AIM OF THE TASK ::
The data below holds the lines to copy: everything from the line containing "#7 rack frame <box>343,218,574,624</box>" to the line containing "#22 rack frame <box>124,0,500,254</box>", both ends included, set down exactly.

RECORDS SHOWN ::
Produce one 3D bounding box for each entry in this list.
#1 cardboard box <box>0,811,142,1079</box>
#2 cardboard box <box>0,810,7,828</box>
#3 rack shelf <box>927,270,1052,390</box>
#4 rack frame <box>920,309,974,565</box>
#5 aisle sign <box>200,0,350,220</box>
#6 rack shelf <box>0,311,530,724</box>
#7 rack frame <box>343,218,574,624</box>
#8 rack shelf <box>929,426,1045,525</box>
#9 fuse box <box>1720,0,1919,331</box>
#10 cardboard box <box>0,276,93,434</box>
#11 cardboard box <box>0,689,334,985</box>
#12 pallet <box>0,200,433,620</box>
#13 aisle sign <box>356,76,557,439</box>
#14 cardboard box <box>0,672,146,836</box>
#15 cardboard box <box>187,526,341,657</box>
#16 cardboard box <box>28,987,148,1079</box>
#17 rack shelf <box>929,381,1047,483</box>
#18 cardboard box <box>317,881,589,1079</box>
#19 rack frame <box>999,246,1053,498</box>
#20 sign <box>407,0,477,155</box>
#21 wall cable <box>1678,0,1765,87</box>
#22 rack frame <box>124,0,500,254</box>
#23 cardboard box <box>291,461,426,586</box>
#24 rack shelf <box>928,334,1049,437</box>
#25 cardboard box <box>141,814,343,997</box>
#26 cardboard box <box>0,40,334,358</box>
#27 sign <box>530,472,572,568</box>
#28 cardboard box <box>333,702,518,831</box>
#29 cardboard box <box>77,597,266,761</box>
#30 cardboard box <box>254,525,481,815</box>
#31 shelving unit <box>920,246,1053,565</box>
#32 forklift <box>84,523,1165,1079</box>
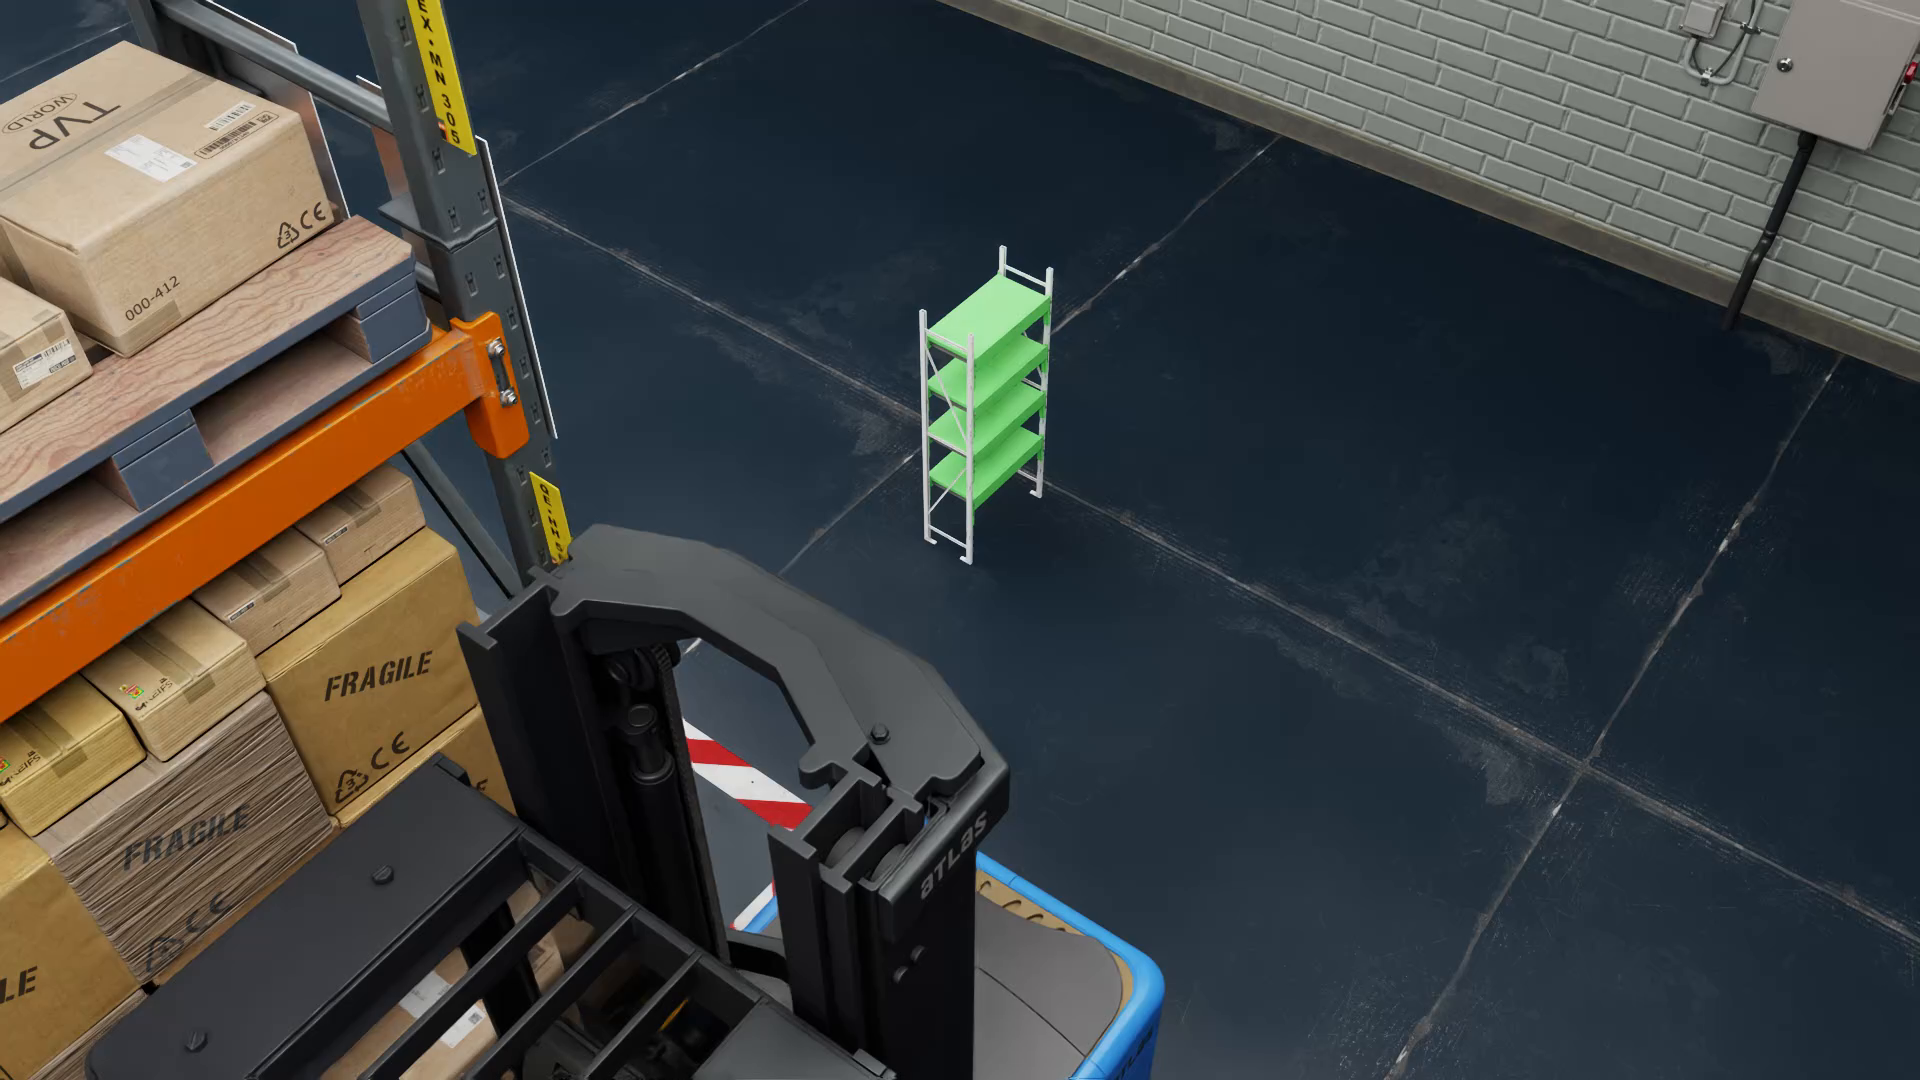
[{"bbox_3d":[-2.077,0.805,3.311,0.500,0.500,0.500,29,53,25],"label":"cardboard box"},{"bbox_3d":[-2.060,0.485,3.168,0.380,0.149,0.250,29,53,25],"label":"cardboard box"},{"bbox_3d":[0.101,-0.797,6.270,0.258,0.148,0.480,29,53,25],"label":"rack shelf"},{"bbox_3d":[-0.048,-0.370,6.438,0.240,1.200,0.015,29,53,25],"label":"rack frame"},{"bbox_3d":[-1.554,-0.857,3.861,0.394,0.787,0.004,29,53,25],"label":"aisle sign"},{"bbox_3d":[-2.592,0.567,2.722,1.077,0.370,4.000,29,53,25],"label":"rack shelf"},{"bbox_3d":[-1.369,0.210,4.639,1.000,3.000,0.127,29,53,25],"label":"rack frame"},{"bbox_3d":[0.101,-0.299,6.791,0.258,0.148,0.480,29,53,25],"label":"rack shelf"},{"bbox_3d":[3.633,-1.569,7.230,0.539,1.711,0.414,29,53,25],"label":"fuse box"},{"bbox_3d":[-1.766,-0.346,2.911,0.380,0.149,0.250,25,51,22],"label":"cardboard box"},{"bbox_3d":[-1.772,0.524,3.580,0.500,0.500,0.500,29,53,25],"label":"cardboard box"},{"bbox_3d":[-1.814,-0.366,3.177,1.003,0.211,1.213,29,53,25],"label":"pallet"},{"bbox_3d":[-1.080,-0.592,3.608,0.394,0.787,0.004,29,53,25],"label":"aisle sign"},{"bbox_3d":[-1.844,0.367,3.281,0.380,0.149,0.250,30,53,26],"label":"cardboard box"},{"bbox_3d":[-1.566,0.056,3.577,0.380,0.149,0.250,30,53,26],"label":"cardboard box"},{"bbox_3d":[-2.080,1.148,3.675,0.500,0.500,0.500,31,54,26],"label":"cardboard box"},{"bbox_3d":[0.101,-0.465,6.618,0.258,0.148,0.480,29,53,25],"label":"rack shelf"},{"bbox_3d":[-1.693,1.372,5.011,0.875,0.438,0.875,27,52,24],"label":"cardboard box"},{"bbox_3d":[0.250,-0.649,6.705,0.240,1.200,0.015,29,53,25],"label":"rack frame"},{"bbox_3d":[-0.948,-0.856,3.026,0.100,0.325,0.005,29,53,25],"label":"sign"},{"bbox_3d":[3.189,-2.757,6.771,0.588,1.984,0.122,29,53,25],"label":"wall cable"},{"bbox_3d":[-1.369,-1.862,2.470,1.000,3.000,0.127,29,53,25],"label":"rack frame"},{"bbox_3d":[-1.430,-0.100,3.726,0.380,0.149,0.250,30,53,25],"label":"cardboard box"},{"bbox_3d":[0.101,-0.631,6.444,0.258,0.148,0.480,29,53,25],"label":"rack shelf"},{"bbox_3d":[-1.773,0.849,3.960,0.500,0.500,0.500,28,52,24],"label":"cardboard box"},{"bbox_3d":[-1.573,-0.656,3.137,0.500,0.250,0.500,25,51,22],"label":"cardboard box"},{"bbox_3d":[-0.948,-0.024,3.898,0.100,0.325,0.005,29,53,25],"label":"sign"},{"bbox_3d":[-1.454,0.569,4.228,0.500,0.500,0.500,29,53,25],"label":"cardboard box"},{"bbox_3d":[-1.657,0.241,3.401,0.380,0.149,0.250,29,53,25],"label":"cardboard box"},{"bbox_3d":[-1.475,0.212,3.878,0.500,0.500,0.500,31,54,26],"label":"cardboard box"},{"bbox_3d":[0.101,-0.509,6.571,0.258,1.200,0.503,29,53,25],"label":"shelving unit"},{"bbox_3d":[-0.719,1.510,3.445,1.130,2.935,3.031,28,52,24],"label":"forklift"}]

RESPONSE BELOW ::
#7 rack frame <box>343,218,574,624</box>
#8 rack shelf <box>929,426,1045,525</box>
#9 fuse box <box>1720,0,1919,331</box>
#10 cardboard box <box>0,276,93,434</box>
#11 cardboard box <box>0,689,334,985</box>
#12 pallet <box>0,200,433,620</box>
#13 aisle sign <box>356,76,557,439</box>
#14 cardboard box <box>0,672,146,836</box>
#15 cardboard box <box>187,526,341,657</box>
#16 cardboard box <box>28,987,148,1079</box>
#17 rack shelf <box>929,381,1047,483</box>
#18 cardboard box <box>317,881,589,1079</box>
#19 rack frame <box>999,246,1053,498</box>
#20 sign <box>407,0,477,155</box>
#21 wall cable <box>1678,0,1765,87</box>
#22 rack frame <box>124,0,500,254</box>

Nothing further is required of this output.